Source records
★ ★ ★ ★

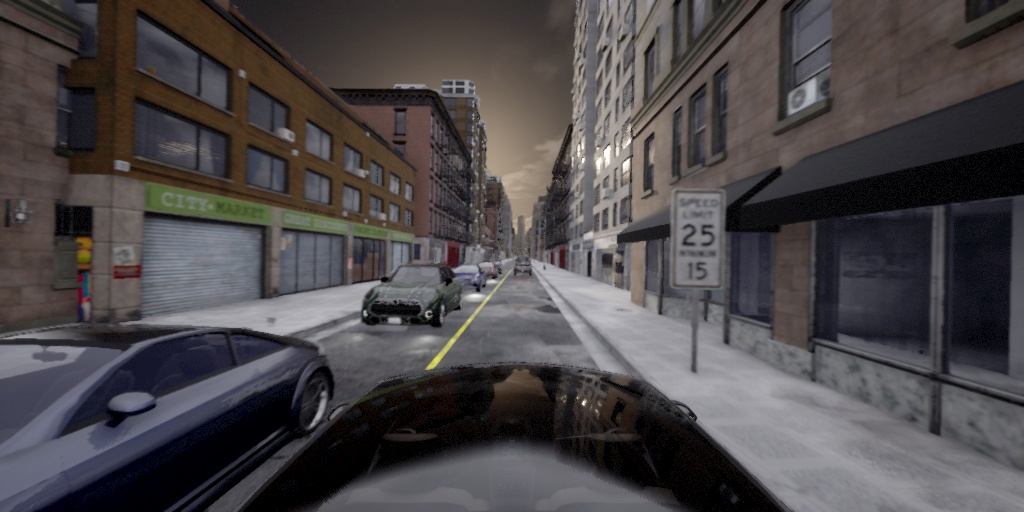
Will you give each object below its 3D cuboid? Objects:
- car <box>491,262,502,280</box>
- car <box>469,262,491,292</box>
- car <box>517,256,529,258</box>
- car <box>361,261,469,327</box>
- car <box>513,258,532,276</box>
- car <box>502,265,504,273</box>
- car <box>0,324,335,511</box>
[{"bbox_3d":[-2.221,1.214,31.210,1.812,1.442,4.674,1,0,2],"label":"car"},{"bbox_3d":[-2.558,1.205,21.159,1.812,1.442,4.674,1,0,2],"label":"car"},{"bbox_3d":[1.488,0.998,49.405,2.150,2.045,5.566,1,0,2],"label":"car"},{"bbox_3d":[-2.863,1.031,11.241,2.097,1.767,4.553,1,0,2],"label":"car"},{"bbox_3d":[1.136,1.255,37.861,2.128,1.511,4.902,1,0,2],"label":"car"},{"bbox_3d":[-1.936,1.363,38.917,1.895,1.301,4.718,1,0,2],"label":"car"},{"bbox_3d":[-3.119,1.246,2.551,1.994,1.385,4.181,1,0,2],"label":"car"}]
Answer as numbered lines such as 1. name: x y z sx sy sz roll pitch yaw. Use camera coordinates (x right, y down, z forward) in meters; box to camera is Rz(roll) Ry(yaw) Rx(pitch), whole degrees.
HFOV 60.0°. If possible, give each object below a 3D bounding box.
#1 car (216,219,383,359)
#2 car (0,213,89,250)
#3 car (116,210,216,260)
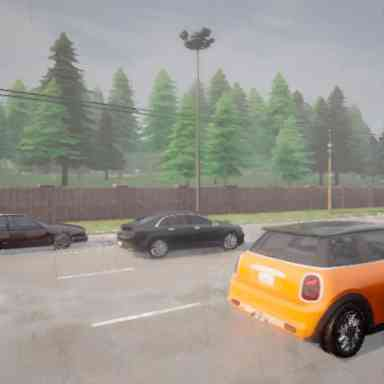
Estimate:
1. car: 2.962 1.313 6.075 4.553 1.767 2.097 0 0 -30
2. car: -6.804 1.517 12.580 5.357 1.411 2.033 0 0 -30
3. car: -0.296 1.451 12.276 4.892 1.490 1.837 0 0 -30
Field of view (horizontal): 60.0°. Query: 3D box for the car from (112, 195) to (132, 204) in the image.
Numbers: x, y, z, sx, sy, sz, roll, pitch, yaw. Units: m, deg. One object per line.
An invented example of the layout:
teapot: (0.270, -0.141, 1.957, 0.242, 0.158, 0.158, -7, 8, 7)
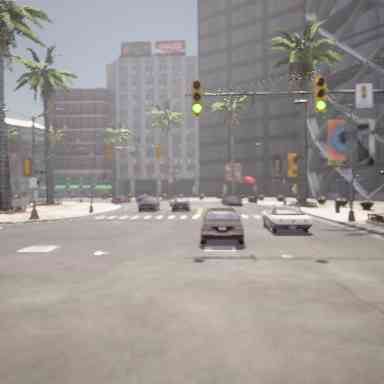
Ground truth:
car: (-12.245, 1.295, 57.747, 1.994, 1.385, 4.181, -1, 0, -41)

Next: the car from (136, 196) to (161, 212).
car: (-4.598, 1.406, 36.051, 1.895, 1.301, 4.718, -1, 0, 1)

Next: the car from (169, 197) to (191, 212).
car: (-1.142, 1.376, 35.893, 1.895, 1.301, 4.718, -1, 0, 1)

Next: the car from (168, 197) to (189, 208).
car: (-1.891, 1.323, 45.029, 1.895, 1.301, 4.718, -1, 0, -13)

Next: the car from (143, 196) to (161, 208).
car: (-5.450, 1.280, 44.929, 1.812, 1.442, 4.674, -1, 1, -14)

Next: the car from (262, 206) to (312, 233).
car: (5.076, 1.434, 18.439, 1.895, 1.301, 4.718, 0, 0, 4)

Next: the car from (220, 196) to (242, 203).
car: (5.271, 1.222, 45.052, 1.994, 1.385, 4.181, -1, 0, -10)

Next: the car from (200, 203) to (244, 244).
car: (1.340, 1.435, 15.221, 2.033, 1.411, 5.357, 0, 0, 4)

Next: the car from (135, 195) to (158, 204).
car: (-7.953, 1.292, 57.973, 1.895, 1.301, 4.718, -1, 0, -36)
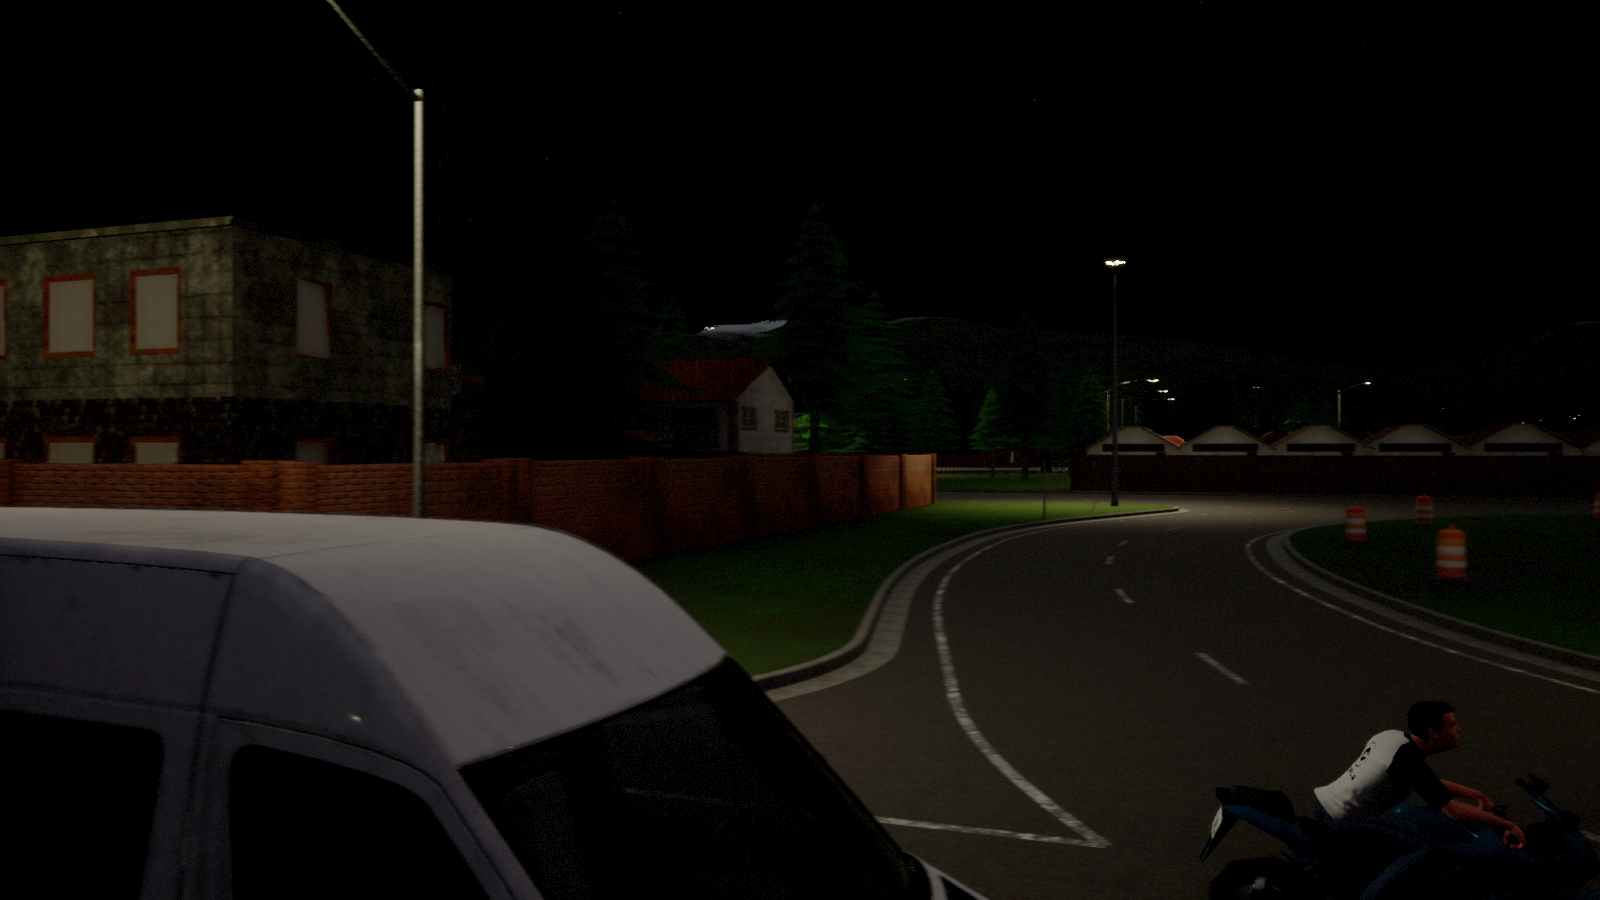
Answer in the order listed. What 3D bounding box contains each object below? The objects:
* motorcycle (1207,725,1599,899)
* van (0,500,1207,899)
[{"bbox_3d":[3.172,2.186,5.868,2.033,1.199,0.803,0,0,20],"label":"motorcycle"},{"bbox_3d":[-1.743,1.534,3.936,5.915,2.561,1.988,0,0,20],"label":"van"}]
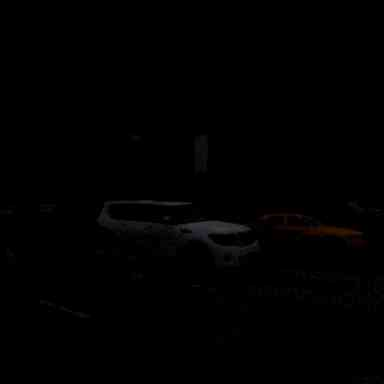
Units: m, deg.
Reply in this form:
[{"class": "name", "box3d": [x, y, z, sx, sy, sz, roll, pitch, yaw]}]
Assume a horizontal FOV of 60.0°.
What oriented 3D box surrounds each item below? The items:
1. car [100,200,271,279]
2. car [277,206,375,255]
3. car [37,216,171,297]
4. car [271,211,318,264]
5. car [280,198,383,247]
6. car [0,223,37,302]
[{"class": "car", "box3d": [-0.699, 1.262, 10.475, 5.566, 2.045, 2.435, -1, -1, 35]}, {"class": "car", "box3d": [4.351, 1.543, 13.824, 5.366, 1.575, 1.946, -1, -1, 35]}, {"class": "car", "box3d": [-3.157, 1.528, 8.751, 4.792, 1.488, 2.163, -1, -1, 35]}, {"class": "car", "box3d": [1.762, 1.560, 12.190, 4.792, 1.488, 2.163, -1, -1, 35]}, {"class": "car", "box3d": [6.681, 1.315, 15.655, 5.566, 2.045, 2.435, -1, -2, 35]}, {"class": "car", "box3d": [-5.622, 1.357, 7.018, 4.553, 1.767, 2.185, -1, -1, 35]}]
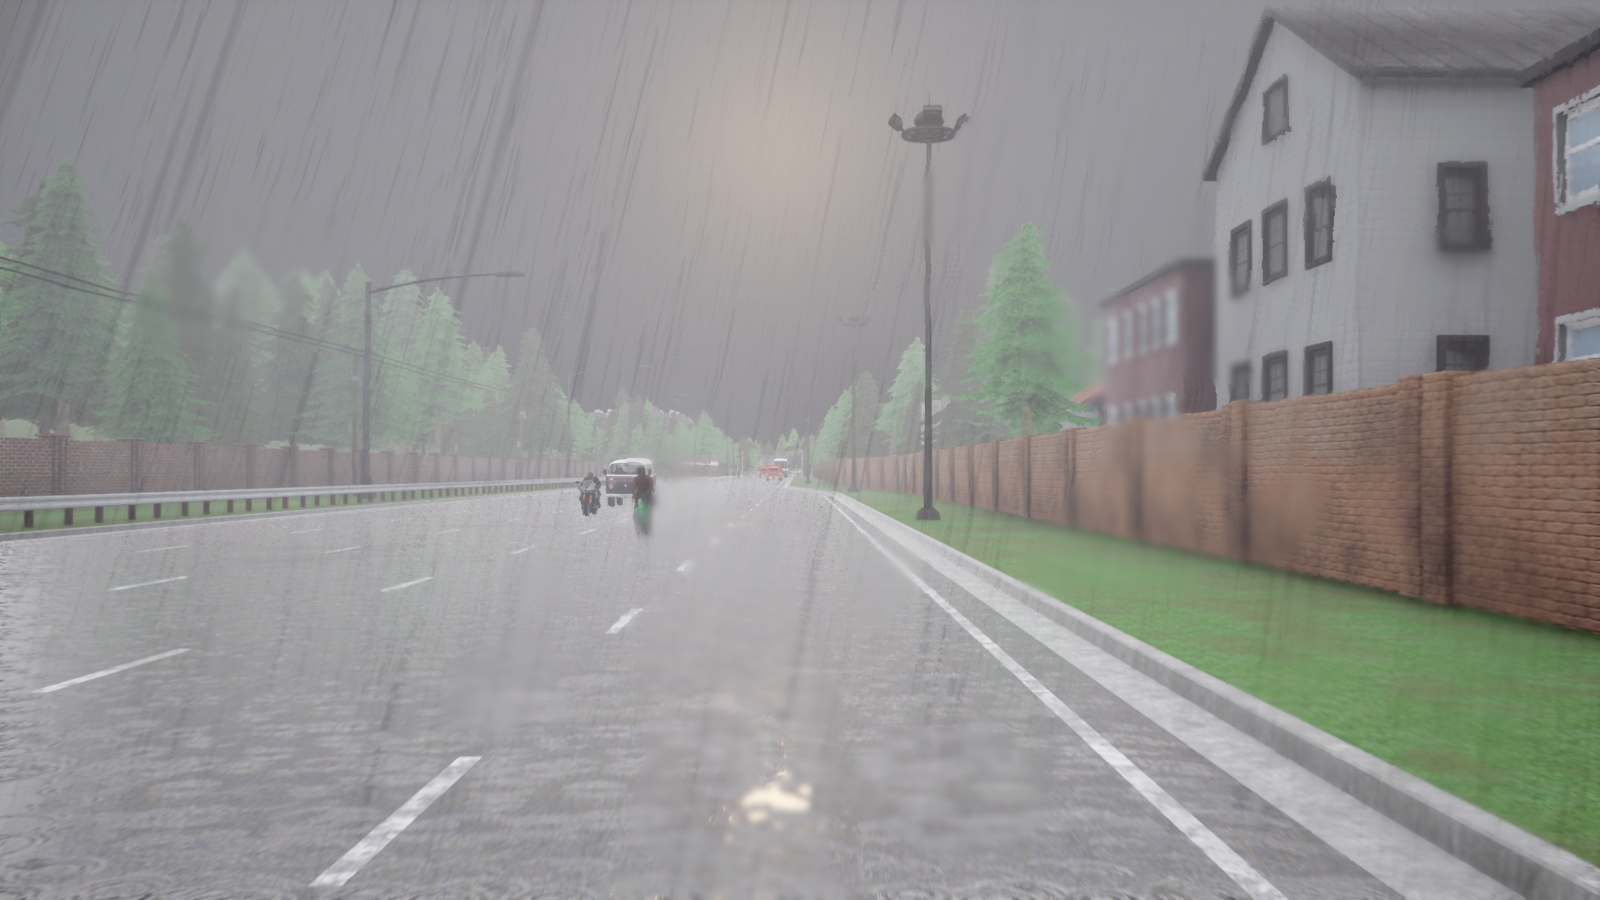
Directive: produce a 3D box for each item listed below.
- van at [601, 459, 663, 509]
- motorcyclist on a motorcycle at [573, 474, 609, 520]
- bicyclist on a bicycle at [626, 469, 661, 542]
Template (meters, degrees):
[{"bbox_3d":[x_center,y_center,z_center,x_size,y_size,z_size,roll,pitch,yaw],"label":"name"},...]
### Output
[{"bbox_3d":[-7.167,1.450,53.916,2.069,2.038,4.480,0,-1,0],"label":"van"},{"bbox_3d":[-7.128,1.580,42.843,0.866,1.530,2.191,0,-1,0],"label":"motorcyclist on a motorcycle"},{"bbox_3d":[-3.584,1.255,28.863,0.582,1.620,1.656,0,0,0],"label":"bicyclist on a bicycle"}]
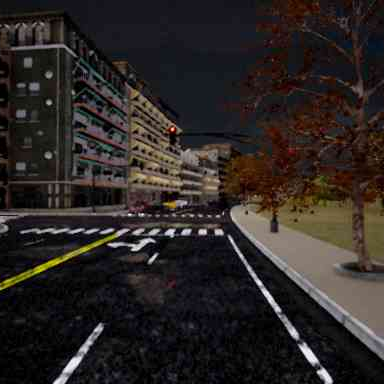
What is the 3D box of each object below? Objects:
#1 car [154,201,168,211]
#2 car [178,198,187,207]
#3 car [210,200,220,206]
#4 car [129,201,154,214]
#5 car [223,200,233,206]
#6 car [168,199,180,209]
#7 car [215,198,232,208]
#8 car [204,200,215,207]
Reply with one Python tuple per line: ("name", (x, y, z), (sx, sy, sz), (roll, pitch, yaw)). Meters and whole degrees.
("car", (-5.911, 2.486, 56.169), (1.895, 1.301, 4.718), (0, -1, 8))
("car", (-2.559, 2.492, 76.772), (2.150, 2.045, 5.566), (0, -1, 10))
("car", (6.094, 2.910, 86.962), (1.882, 1.535, 5.008), (0, -1, 13))
("car", (-7.141, 2.056, 46.169), (2.097, 1.767, 4.553), (0, -1, 6))
("car", (9.363, 2.963, 86.698), (2.128, 1.511, 4.902), (0, -1, 13))
("car", (-4.358, 2.549, 66.353), (1.882, 1.535, 5.008), (0, -1, 9))
("car", (7.263, 2.495, 76.282), (2.150, 2.045, 5.566), (0, -1, 11))
("car", (4.055, 2.801, 76.803), (2.128, 1.511, 4.902), (0, -1, 11))
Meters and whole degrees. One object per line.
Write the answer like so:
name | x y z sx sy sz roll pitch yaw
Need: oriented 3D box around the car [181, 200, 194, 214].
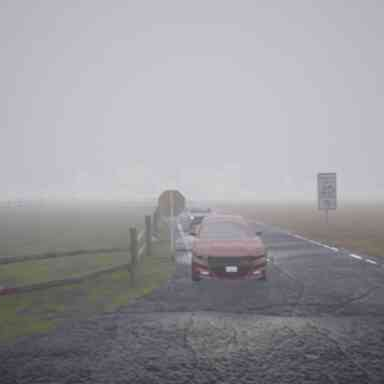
car | -0.528 1.529 36.221 2.033 1.411 5.357 -1 0 -5

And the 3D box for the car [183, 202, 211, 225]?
car | 0.572 1.592 21.555 1.895 1.301 4.718 -1 0 -4

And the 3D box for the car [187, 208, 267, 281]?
car | 0.984 1.485 10.089 1.882 1.535 5.008 -1 0 2

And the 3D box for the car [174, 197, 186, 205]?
car | -2.122 1.533 57.419 1.994 1.385 4.181 -1 0 -4
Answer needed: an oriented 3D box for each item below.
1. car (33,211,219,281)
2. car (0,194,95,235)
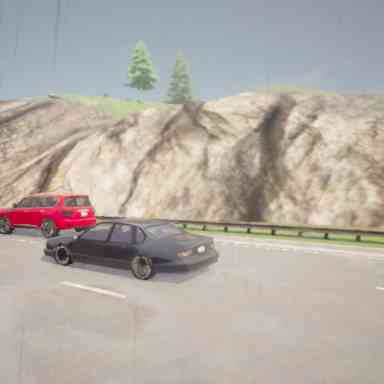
[{"bbox_3d":[-1.911,1.470,9.544,5.357,1.411,2.033,0,1,31],"label":"car"},{"bbox_3d":[-7.398,1.116,16.796,5.566,2.045,2.150,0,0,28],"label":"car"}]
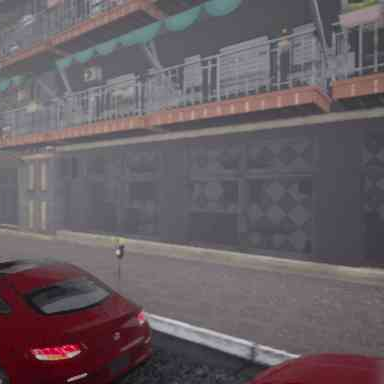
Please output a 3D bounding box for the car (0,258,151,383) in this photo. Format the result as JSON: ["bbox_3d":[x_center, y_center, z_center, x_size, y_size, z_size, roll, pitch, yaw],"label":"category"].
[{"bbox_3d":[-2.426,1.605,4.593,4.206,1.307,1.802,0,1,36],"label":"car"}]

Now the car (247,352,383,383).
[{"bbox_3d":[2.202,1.539,1.292,4.507,1.381,1.887,0,1,36],"label":"car"}]
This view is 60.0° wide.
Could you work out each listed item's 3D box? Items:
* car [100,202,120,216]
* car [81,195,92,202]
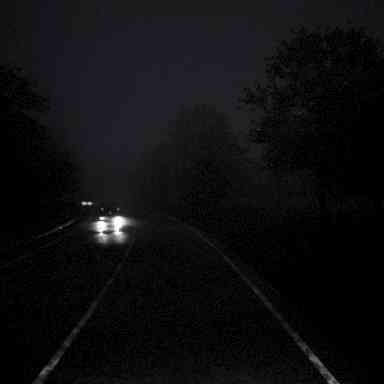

★ ★ ★ ★

## What is expected
Pull together all lines from the data that mention the word "below".

## Exercise result
Will you give each object below its 3D cuboid? Objects:
HFOV 60.0°. If possible, give each object below a 3D bounding box.
Answer in the order listed. What 3D bounding box contains each object below? The objects:
What oriented 3D box surrounds each item below? The items:
Directive: produce a 3D box for each item listed below.
What is the 3D box of each object below? Objects:
Answer needed: an oriented 3D box for each item below.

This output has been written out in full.